*Provided records:*

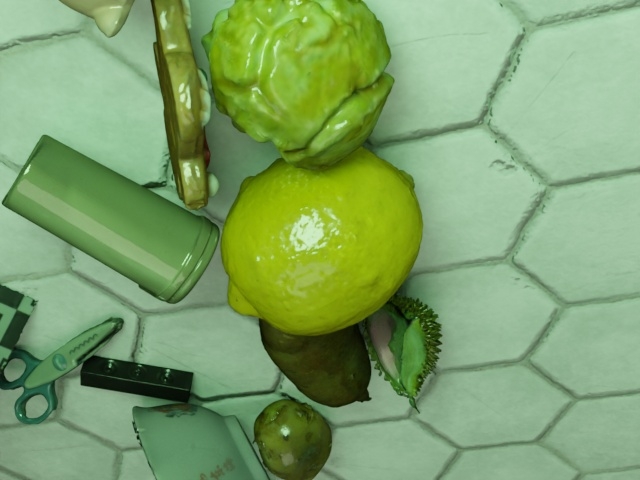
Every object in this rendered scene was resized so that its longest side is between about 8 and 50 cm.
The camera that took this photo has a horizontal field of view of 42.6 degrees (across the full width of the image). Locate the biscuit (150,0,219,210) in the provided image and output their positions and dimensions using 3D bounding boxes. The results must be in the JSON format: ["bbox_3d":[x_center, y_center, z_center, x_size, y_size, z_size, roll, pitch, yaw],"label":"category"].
[{"bbox_3d":[-0.155,-0.147,0.949,0.047,0.216,0.340,-10,158,-11],"label":"biscuit"}]

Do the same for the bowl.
[{"bbox_3d":[-0.187,0.411,1.458,0.157,0.345,0.346,-28,132,-9],"label":"bowl"}]

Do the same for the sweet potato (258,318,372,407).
[{"bbox_3d":[-0.004,0.162,1.270,0.157,0.158,0.370,-6,138,10],"label":"sweet potato"}]

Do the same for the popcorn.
[{"bbox_3d":[-0.019,-0.187,0.911,0.204,0.183,0.221,-45,132,-7],"label":"popcorn"}]

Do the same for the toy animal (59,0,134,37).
[{"bbox_3d":[-0.263,-0.341,0.763,0.256,0.213,0.195,31,139,-27],"label":"toy animal"}]

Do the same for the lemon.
[{"bbox_3d":[0.000,0.000,1.049,0.288,0.233,0.233,-34,127,1],"label":"lemon"}]

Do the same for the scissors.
[{"bbox_3d":[-0.442,0.206,1.401,0.289,0.041,0.138,-33,84,19],"label":"scissors"}]

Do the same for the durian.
[{"bbox_3d":[0.136,0.156,1.291,0.095,0.137,0.221,-20,133,-24],"label":"durian"}]

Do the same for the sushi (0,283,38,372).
[{"bbox_3d":[-0.652,0.181,1.207,0.343,0.359,0.064,30,165,-25],"label":"sushi"}]

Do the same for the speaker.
[{"bbox_3d":[-0.323,0.245,1.446,0.191,0.040,0.046,10,134,-6],"label":"speaker"}]

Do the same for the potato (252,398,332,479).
[{"bbox_3d":[-0.046,0.366,1.485,0.137,0.137,0.176,-25,130,25],"label":"potato"}]

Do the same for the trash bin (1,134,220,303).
[{"bbox_3d":[-0.279,-0.028,1.072,0.247,0.121,0.243,31,171,-21],"label":"trash bin"}]
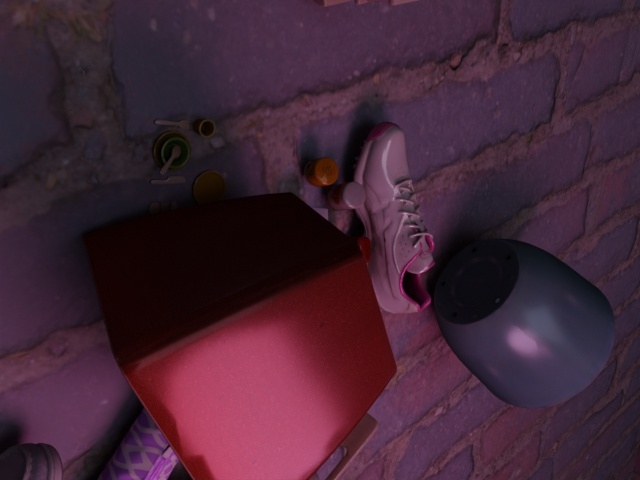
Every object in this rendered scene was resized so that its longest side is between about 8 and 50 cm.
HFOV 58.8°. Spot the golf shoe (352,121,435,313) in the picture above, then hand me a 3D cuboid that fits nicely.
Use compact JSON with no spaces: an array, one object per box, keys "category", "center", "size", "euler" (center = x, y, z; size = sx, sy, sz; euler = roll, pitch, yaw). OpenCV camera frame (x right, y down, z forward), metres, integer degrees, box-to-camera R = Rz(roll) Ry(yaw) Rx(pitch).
[{"category":"golf shoe","center":[0.123,-0.027,0.881],"size":[0.115,0.140,0.306],"euler":[-24,122,-45]}]

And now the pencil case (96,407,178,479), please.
[{"category":"pencil case","center":[-0.235,0.307,0.733],"size":[0.086,0.088,0.206],"euler":[36,82,-42]}]

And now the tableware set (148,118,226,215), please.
[{"category":"tableware set","center":[-0.155,-0.072,0.695],"size":[0.104,0.024,0.154],"euler":[-7,111,-41]}]

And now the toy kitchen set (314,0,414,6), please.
[{"category":"toy kitchen set","center":[0.065,-0.393,0.664],"size":[0.122,0.166,0.207],"euler":[-28,124,-31]}]

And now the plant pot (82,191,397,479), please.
[{"category":"plant pot","center":[-0.074,0.095,0.625],"size":[0.236,0.267,0.267],"euler":[-28,123,-15]}]

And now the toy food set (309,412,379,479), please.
[{"category":"toy food set","center":[-0.031,0.298,0.912],"size":[0.220,0.092,0.306],"euler":[-45,131,-20]}]

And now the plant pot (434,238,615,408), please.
[{"category":"plant pot","center":[0.357,0.134,1.079],"size":[0.235,0.293,0.293],"euler":[37,81,-28]}]

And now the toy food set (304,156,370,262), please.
[{"category":"toy food set","center":[0.000,0.000,0.840],"size":[0.111,0.104,0.232],"euler":[0,89,-29]}]

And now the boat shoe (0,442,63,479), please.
[{"category":"boat shoe","center":[-0.404,0.337,0.574],"size":[0.320,0.118,0.103],"euler":[-44,136,-11]}]
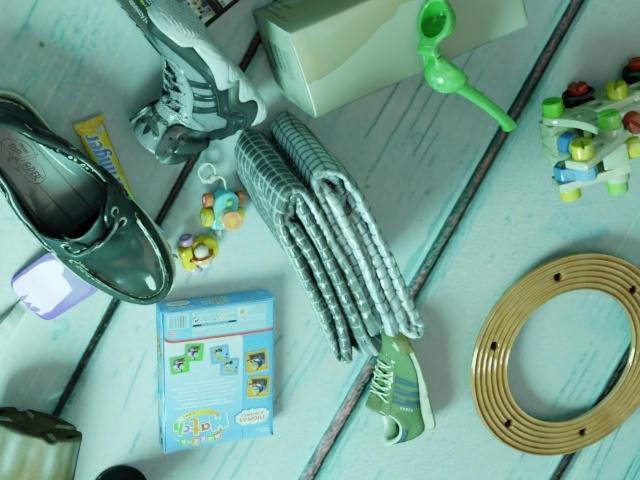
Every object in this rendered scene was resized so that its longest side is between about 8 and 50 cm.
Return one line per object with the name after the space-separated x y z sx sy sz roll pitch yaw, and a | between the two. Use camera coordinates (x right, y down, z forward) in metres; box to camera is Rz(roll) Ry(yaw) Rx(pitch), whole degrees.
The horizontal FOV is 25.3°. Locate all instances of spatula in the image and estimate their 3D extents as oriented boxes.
-0.418 0.123 1.826 0.296 0.030 0.084 -41 118 -3 | spatula

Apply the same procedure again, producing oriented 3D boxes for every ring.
0.375 0.172 2.171 0.336 0.032 0.337 -8 113 -20 | ring

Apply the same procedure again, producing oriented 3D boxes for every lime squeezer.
0.168 -0.252 1.746 0.110 0.059 0.310 -25 116 -12 | lime squeezer

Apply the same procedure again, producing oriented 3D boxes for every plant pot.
-0.390 0.312 1.846 0.167 0.167 0.165 13 96 -26 | plant pot

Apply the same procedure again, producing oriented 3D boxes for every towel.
0.000 0.000 1.837 0.121 0.235 0.284 -29 117 -6 | towel

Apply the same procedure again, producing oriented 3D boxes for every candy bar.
-0.266 -0.085 1.817 0.040 0.018 0.161 -25 116 -12 | candy bar

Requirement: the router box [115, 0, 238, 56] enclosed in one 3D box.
-0.194 -0.329 1.736 0.133 0.046 0.179 -40 119 -3 | router box

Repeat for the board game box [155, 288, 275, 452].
-0.143 0.179 1.955 0.160 0.039 0.212 -6 111 -20 | board game box

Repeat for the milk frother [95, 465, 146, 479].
-0.233 0.393 1.945 0.143 0.135 0.129 2 109 -23 | milk frother

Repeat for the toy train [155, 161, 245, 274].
-0.166 -0.015 1.858 0.166 0.046 0.125 -48 129 0 | toy train

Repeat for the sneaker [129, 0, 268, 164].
-0.172 -0.179 1.731 0.153 0.101 0.268 -38 151 3 | sneaker

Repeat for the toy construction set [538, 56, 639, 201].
0.441 -0.156 1.967 0.327 0.215 0.151 -8 113 -19 | toy construction set

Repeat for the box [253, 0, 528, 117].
0.090 -0.283 1.816 0.311 0.148 0.121 -26 117 -13 | box

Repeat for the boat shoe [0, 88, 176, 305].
-0.299 -0.037 1.739 0.127 0.113 0.340 -36 109 0 | boat shoe

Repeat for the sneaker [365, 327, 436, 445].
0.103 0.216 2.055 0.086 0.064 0.192 -28 121 -16 | sneaker
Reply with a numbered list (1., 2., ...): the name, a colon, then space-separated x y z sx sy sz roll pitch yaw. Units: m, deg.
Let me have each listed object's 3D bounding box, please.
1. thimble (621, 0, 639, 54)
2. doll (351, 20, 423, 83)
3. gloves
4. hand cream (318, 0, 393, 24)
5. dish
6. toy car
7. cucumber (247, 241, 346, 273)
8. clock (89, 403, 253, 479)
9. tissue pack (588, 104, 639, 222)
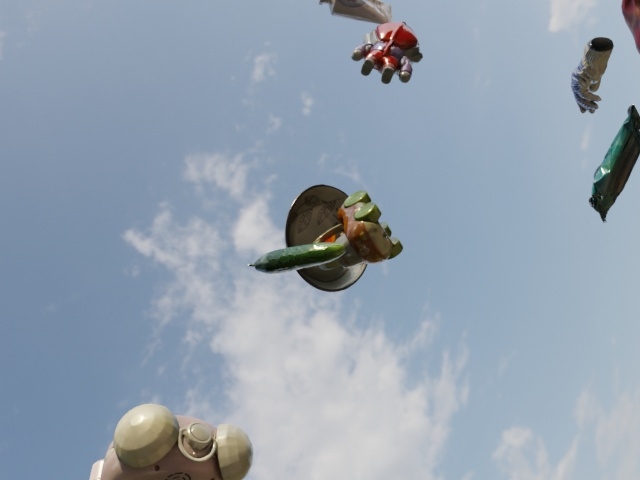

*Aim of the task:*
For this exercise, transcribe the entries verbatim and skip all pictures.

*Response below:*
Every object in this rendered scene was resized so that its longest side is between about 8 and 50 cm.
The camera that took this photo has a horizontal field of view of 42.6 degrees (across the full width of the image). Locate the biscuit (150,0,219,210) in the provided image and output their positions and dimensions using 3D bounding boxes. The results must be in the JSON format: ["bbox_3d":[x_center, y_center, z_center, x_size, y_size, z_size, roll, pitch, yaw],"label":"category"].
[{"bbox_3d":[-0.155,-0.147,0.949,0.047,0.216,0.340,-10,158,-11],"label":"biscuit"}]

Do the same for the bowl.
[{"bbox_3d":[-0.187,0.411,1.458,0.157,0.345,0.346,-28,132,-9],"label":"bowl"}]

Do the same for the sweet potato (258,318,372,407).
[{"bbox_3d":[-0.004,0.162,1.270,0.157,0.158,0.370,-6,138,10],"label":"sweet potato"}]

Do the same for the popcorn.
[{"bbox_3d":[-0.019,-0.187,0.911,0.204,0.183,0.221,-45,132,-7],"label":"popcorn"}]

Do the same for the toy animal (59,0,134,37).
[{"bbox_3d":[-0.263,-0.341,0.763,0.256,0.213,0.195,31,139,-27],"label":"toy animal"}]

Do the same for the lemon.
[{"bbox_3d":[0.000,0.000,1.049,0.288,0.233,0.233,-34,127,1],"label":"lemon"}]

Do the same for the scissors.
[{"bbox_3d":[-0.442,0.206,1.401,0.289,0.041,0.138,-33,84,19],"label":"scissors"}]

Do the same for the durian.
[{"bbox_3d":[0.136,0.156,1.291,0.095,0.137,0.221,-20,133,-24],"label":"durian"}]

Do the same for the sushi (0,283,38,372).
[{"bbox_3d":[-0.652,0.181,1.207,0.343,0.359,0.064,30,165,-25],"label":"sushi"}]

Do the same for the speaker.
[{"bbox_3d":[-0.323,0.245,1.446,0.191,0.040,0.046,10,134,-6],"label":"speaker"}]

Do the same for the potato (252,398,332,479).
[{"bbox_3d":[-0.046,0.366,1.485,0.137,0.137,0.176,-25,130,25],"label":"potato"}]

Do the same for the trash bin (1,134,220,303).
[{"bbox_3d":[-0.279,-0.028,1.072,0.247,0.121,0.243,31,171,-21],"label":"trash bin"}]
Every object in this rendered scene was resized so that its longest side is between about 8 and 50 cm.
HFOV 58.8°. Spot the golf shoe (352,121,435,313) in the picture above, then hand me a 3D cuboid that fits nicely.
Use compact JSON with no spaces: an array, one object per box, keys "category", "center", "size", "euler" (center = x, y, z; size = sx, sy, sz; euler = roll, pitch, yaw). OpenCV camera frame (x right, y down, z forward), metres, integer degrees, box-to-camera R = Rz(roll) Ry(yaw) Rx(pitch).
[{"category":"golf shoe","center":[0.123,-0.027,0.881],"size":[0.115,0.140,0.306],"euler":[-24,122,-45]}]

And now the pencil case (96,407,178,479), please.
[{"category":"pencil case","center":[-0.235,0.307,0.733],"size":[0.086,0.088,0.206],"euler":[36,82,-42]}]

And now the tableware set (148,118,226,215), please.
[{"category":"tableware set","center":[-0.155,-0.072,0.695],"size":[0.104,0.024,0.154],"euler":[-7,111,-41]}]

And now the toy kitchen set (314,0,414,6), please.
[{"category":"toy kitchen set","center":[0.065,-0.393,0.664],"size":[0.122,0.166,0.207],"euler":[-28,124,-31]}]

And now the plant pot (82,191,397,479), please.
[{"category":"plant pot","center":[-0.074,0.095,0.625],"size":[0.236,0.267,0.267],"euler":[-28,123,-15]}]

And now the toy food set (309,412,379,479), please.
[{"category":"toy food set","center":[-0.031,0.298,0.912],"size":[0.220,0.092,0.306],"euler":[-45,131,-20]}]

And now the plant pot (434,238,615,408), please.
[{"category":"plant pot","center":[0.357,0.134,1.079],"size":[0.235,0.293,0.293],"euler":[37,81,-28]}]

And now the toy food set (304,156,370,262), please.
[{"category":"toy food set","center":[0.000,0.000,0.840],"size":[0.111,0.104,0.232],"euler":[0,89,-29]}]

And now the boat shoe (0,442,63,479), please.
[{"category":"boat shoe","center":[-0.404,0.337,0.574],"size":[0.320,0.118,0.103],"euler":[-44,136,-11]}]
Every object in this rendered scene was resized so that its longest side is between about 8 and 50 cm.
Return one line per object with the name after the space-separated x y z sx sy sz roll pitch yaw, and a | between the two. Use camera coordinates (x right, y down, z forward) in metres; box to camera is Rz(roll) Ry(yaw) Rx(pitch), whole degrees.
The horizontal FOV is 25.3°. Locate all instances of spatula in the image and estimate their 3D extents as oriented boxes.
-0.418 0.123 1.826 0.296 0.030 0.084 -41 118 -3 | spatula

Apply the same procedure again, producing oriented 3D boxes for every ring.
0.375 0.172 2.171 0.336 0.032 0.337 -8 113 -20 | ring

Apply the same procedure again, producing oriented 3D boxes for every lime squeezer.
0.168 -0.252 1.746 0.110 0.059 0.310 -25 116 -12 | lime squeezer

Apply the same procedure again, producing oriented 3D boxes for every plant pot.
-0.390 0.312 1.846 0.167 0.167 0.165 13 96 -26 | plant pot

Apply the same procedure again, producing oriented 3D boxes for every towel.
0.000 0.000 1.837 0.121 0.235 0.284 -29 117 -6 | towel

Apply the same procedure again, producing oriented 3D boxes for every candy bar.
-0.266 -0.085 1.817 0.040 0.018 0.161 -25 116 -12 | candy bar

Requirement: the router box [115, 0, 238, 56] enclosed in one 3D box.
-0.194 -0.329 1.736 0.133 0.046 0.179 -40 119 -3 | router box

Repeat for the board game box [155, 288, 275, 452].
-0.143 0.179 1.955 0.160 0.039 0.212 -6 111 -20 | board game box

Repeat for the milk frother [95, 465, 146, 479].
-0.233 0.393 1.945 0.143 0.135 0.129 2 109 -23 | milk frother

Repeat for the toy train [155, 161, 245, 274].
-0.166 -0.015 1.858 0.166 0.046 0.125 -48 129 0 | toy train

Repeat for the sneaker [129, 0, 268, 164].
-0.172 -0.179 1.731 0.153 0.101 0.268 -38 151 3 | sneaker

Repeat for the toy construction set [538, 56, 639, 201].
0.441 -0.156 1.967 0.327 0.215 0.151 -8 113 -19 | toy construction set

Repeat for the box [253, 0, 528, 117].
0.090 -0.283 1.816 0.311 0.148 0.121 -26 117 -13 | box

Repeat for the boat shoe [0, 88, 176, 305].
-0.299 -0.037 1.739 0.127 0.113 0.340 -36 109 0 | boat shoe

Repeat for the sneaker [365, 327, 436, 445].
0.103 0.216 2.055 0.086 0.064 0.192 -28 121 -16 | sneaker
Reply with a numbered list (1., 2., ...): the name, a colon, then space-separated x y z sx sy sz roll pitch yaw. Units: m, deg.
Let me have each listed object's 3D bounding box, please.
1. thimble (621, 0, 639, 54)
2. doll (351, 20, 423, 83)
3. gloves
4. hand cream (318, 0, 393, 24)
5. dish
6. toy car
7. cucumber (247, 241, 346, 273)
8. clock (89, 403, 253, 479)
9. tissue pack (588, 104, 639, 222)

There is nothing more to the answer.